__What the task asks__. Nothing but a number should be given: the count of lines in the listing that include "whole".
..........
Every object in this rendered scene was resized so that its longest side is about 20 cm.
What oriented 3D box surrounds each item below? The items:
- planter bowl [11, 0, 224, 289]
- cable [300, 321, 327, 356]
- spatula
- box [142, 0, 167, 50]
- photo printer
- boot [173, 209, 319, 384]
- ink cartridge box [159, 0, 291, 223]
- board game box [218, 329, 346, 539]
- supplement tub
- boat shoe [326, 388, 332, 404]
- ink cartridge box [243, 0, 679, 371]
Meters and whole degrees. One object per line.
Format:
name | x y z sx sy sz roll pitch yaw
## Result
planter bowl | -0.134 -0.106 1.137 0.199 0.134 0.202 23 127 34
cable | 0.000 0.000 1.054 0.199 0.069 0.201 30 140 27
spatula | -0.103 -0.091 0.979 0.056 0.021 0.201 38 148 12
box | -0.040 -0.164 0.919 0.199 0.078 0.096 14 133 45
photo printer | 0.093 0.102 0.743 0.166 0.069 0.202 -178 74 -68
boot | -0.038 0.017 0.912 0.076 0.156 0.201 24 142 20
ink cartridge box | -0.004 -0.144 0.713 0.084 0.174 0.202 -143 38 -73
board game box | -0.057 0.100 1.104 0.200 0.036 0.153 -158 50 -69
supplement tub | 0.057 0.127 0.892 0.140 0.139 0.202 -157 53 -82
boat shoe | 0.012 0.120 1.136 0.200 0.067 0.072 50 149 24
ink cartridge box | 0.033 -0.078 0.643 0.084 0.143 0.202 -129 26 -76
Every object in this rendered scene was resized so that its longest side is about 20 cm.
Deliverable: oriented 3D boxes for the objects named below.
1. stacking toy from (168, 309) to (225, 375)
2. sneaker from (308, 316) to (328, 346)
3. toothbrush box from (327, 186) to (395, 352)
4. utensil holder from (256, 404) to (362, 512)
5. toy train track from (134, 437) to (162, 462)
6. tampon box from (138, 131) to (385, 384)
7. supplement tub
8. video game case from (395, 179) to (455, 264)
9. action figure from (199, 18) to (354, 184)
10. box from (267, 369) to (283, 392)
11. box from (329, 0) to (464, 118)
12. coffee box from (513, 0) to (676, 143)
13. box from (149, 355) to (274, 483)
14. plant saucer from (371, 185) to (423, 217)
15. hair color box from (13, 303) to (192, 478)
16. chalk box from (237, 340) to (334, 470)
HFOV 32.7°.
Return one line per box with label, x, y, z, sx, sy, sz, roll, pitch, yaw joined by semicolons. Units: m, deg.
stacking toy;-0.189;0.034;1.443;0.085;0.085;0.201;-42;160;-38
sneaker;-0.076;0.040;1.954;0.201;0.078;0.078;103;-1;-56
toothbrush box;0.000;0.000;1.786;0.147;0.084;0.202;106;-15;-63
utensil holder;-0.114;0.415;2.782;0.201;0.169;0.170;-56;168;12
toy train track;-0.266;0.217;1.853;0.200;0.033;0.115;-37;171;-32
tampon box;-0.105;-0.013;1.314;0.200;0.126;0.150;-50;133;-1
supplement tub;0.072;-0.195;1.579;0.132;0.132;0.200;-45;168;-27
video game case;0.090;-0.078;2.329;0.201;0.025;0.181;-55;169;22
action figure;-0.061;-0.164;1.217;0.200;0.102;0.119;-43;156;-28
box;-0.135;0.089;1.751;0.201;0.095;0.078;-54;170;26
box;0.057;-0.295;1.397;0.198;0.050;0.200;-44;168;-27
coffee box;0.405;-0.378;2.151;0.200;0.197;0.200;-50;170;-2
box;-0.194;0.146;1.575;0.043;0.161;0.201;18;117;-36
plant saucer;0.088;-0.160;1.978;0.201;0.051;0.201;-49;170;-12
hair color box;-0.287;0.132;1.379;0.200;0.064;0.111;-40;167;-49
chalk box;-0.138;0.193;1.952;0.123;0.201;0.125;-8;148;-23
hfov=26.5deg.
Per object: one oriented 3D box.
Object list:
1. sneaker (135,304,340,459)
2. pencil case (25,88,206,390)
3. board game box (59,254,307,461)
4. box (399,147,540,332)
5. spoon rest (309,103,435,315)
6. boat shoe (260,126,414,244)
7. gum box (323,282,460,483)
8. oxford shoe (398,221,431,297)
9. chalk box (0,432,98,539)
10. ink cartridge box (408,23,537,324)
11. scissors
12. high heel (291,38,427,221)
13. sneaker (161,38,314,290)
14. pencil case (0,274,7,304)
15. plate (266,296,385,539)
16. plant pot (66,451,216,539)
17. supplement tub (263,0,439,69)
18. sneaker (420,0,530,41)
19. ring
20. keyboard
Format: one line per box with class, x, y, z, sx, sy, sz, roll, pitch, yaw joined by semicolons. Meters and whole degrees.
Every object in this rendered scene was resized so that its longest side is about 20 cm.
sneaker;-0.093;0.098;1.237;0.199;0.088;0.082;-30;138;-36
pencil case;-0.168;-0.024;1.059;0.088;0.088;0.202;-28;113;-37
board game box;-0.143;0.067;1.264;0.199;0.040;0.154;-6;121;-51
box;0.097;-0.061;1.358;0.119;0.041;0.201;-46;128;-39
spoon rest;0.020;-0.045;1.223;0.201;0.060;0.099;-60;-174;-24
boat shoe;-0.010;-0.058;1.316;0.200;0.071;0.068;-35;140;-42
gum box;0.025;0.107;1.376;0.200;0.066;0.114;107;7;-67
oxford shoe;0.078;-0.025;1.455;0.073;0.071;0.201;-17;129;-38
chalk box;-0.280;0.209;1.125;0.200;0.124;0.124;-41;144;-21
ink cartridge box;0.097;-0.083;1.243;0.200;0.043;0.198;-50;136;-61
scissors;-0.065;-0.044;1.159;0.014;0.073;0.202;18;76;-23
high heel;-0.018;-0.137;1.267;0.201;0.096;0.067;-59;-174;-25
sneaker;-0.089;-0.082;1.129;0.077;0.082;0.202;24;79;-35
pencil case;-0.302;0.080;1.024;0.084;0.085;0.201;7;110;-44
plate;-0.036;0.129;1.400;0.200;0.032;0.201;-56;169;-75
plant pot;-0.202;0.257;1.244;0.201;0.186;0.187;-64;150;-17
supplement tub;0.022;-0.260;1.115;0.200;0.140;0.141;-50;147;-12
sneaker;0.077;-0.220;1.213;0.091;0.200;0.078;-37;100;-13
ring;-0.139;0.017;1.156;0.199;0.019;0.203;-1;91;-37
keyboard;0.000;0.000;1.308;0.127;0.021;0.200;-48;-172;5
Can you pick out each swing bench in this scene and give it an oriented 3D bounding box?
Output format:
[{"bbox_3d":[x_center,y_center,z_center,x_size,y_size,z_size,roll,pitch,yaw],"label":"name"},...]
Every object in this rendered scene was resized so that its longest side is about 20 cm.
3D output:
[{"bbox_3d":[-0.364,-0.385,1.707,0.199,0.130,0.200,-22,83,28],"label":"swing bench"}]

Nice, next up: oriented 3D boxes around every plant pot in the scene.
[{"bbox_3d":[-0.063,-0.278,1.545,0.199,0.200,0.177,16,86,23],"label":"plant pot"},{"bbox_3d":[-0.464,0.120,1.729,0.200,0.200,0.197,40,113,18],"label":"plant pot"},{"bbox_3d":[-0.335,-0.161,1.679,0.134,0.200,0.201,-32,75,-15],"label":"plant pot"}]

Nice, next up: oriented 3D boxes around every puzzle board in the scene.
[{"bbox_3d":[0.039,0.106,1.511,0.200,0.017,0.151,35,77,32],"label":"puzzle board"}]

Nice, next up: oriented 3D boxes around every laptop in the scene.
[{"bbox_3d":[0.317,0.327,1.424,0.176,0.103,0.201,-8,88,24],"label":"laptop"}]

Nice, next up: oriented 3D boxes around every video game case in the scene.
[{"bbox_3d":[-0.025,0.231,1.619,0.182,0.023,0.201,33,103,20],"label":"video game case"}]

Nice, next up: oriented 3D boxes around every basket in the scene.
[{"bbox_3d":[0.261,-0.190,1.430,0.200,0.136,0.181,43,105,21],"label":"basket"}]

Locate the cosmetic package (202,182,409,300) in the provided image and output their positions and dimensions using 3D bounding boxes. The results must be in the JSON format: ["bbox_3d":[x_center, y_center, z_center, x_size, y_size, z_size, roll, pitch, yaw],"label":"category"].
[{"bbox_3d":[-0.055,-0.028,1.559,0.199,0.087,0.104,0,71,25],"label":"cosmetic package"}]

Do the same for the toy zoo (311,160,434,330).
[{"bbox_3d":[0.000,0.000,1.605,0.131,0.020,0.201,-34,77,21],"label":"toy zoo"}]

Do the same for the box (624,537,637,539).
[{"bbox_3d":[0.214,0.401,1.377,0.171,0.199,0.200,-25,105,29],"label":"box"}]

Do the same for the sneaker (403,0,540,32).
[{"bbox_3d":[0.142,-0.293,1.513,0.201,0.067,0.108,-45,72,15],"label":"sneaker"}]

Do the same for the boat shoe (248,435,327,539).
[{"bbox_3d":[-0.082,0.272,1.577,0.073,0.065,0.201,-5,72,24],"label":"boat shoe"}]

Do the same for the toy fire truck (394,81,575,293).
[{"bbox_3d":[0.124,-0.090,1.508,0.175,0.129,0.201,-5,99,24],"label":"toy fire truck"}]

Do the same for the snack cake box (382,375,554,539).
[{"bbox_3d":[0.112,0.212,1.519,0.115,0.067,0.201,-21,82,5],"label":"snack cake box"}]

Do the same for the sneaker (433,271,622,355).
..........
__Exercise output__. 2